• Question: If u could change one thing about ur job what would it be and why?

    Asked by edge12bed on 27 Apr 2022.
    • Photo: Ronan Lordan

      Ronan Lordan answered on 27 Apr 2022:

      For my daily job, I would change the start time… I am not a morning person 😀

      For my area of work in general, I think there needs to be more investment in Science! When the world was put on hold and lives lost due to the pandemic we turned to medicine and science for the answers. Without previous funding in basic science and the determination of inspirational scientists like Katalin Karikó and Drew Weissman, who knows where we would be today!

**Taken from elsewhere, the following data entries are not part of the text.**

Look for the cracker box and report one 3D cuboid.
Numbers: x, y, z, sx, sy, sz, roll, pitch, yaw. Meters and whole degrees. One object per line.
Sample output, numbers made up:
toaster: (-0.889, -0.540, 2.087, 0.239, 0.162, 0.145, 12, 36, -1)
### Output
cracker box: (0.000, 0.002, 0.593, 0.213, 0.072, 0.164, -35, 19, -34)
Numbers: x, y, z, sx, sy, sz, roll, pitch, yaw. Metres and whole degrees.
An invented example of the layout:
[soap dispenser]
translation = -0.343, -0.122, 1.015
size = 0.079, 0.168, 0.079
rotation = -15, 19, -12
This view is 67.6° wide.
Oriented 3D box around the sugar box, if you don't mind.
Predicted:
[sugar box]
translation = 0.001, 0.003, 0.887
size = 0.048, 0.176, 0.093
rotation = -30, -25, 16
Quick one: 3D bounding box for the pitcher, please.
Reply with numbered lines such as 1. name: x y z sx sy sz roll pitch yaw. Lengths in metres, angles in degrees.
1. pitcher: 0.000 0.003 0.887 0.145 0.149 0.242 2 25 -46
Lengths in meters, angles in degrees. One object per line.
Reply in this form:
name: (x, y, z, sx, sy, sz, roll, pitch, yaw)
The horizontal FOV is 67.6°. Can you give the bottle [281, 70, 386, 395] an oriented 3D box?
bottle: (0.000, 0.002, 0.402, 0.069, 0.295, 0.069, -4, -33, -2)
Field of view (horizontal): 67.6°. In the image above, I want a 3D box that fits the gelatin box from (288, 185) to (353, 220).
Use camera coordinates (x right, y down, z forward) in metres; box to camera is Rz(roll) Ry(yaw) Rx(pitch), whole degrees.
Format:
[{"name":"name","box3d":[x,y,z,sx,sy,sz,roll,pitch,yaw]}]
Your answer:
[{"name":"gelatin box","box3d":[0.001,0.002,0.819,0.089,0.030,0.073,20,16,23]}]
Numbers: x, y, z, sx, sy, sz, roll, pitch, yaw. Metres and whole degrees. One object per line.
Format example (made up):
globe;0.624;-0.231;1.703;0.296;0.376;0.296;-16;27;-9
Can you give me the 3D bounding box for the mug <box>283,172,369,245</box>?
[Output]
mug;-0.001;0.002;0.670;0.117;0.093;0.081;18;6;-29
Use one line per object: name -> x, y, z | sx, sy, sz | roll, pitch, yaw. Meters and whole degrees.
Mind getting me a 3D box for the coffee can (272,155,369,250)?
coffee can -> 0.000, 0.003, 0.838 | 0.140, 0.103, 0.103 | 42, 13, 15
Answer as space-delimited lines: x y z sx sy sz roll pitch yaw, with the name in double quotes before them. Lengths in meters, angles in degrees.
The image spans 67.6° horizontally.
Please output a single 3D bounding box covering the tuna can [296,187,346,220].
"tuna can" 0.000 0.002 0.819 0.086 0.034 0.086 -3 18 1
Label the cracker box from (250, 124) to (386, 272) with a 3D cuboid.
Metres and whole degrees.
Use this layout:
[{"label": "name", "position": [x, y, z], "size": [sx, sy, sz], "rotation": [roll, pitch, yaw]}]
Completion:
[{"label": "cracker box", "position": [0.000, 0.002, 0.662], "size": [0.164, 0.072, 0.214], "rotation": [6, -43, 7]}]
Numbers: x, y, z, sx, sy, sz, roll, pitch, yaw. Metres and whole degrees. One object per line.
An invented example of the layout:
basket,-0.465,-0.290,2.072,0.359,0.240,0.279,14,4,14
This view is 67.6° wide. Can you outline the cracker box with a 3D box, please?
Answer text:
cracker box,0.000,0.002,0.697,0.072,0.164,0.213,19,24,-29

    • Photo: Andrew Scarpelli

      Andrew Scarpelli answered on 27 Apr 2022:

      I love communicating science, and I wish that I was able to be at work but still communicate science to other people. It’s why I’ve started a nonprofit trying to reach out to more individuals. I also wish a semester was just a little bit longer so that my students and I could discuss a bit more complicated topics.

    • Photo: Srishti Baid

      Srishti Baid answered on 27 Apr 2022:

      I would say making time for taking small breaks between work to do other things and increase discussion and thought experiments! 👩🏻‍🔬

    • Photo: Rebecca Smith

      Rebecca Smith answered on 27 Apr 2022:

      I wish there was less politics/power-plays and more collaboration. Historically, science has operated under the assumption that there are geniuses who make big discoveries and then the rest of us. That means that some people work really hard at looking like they belong in the genius group, and those people can be quite selfish. But that was never the way it worked – we all work as parts of a team, and I’d love to see more people acknowledge that!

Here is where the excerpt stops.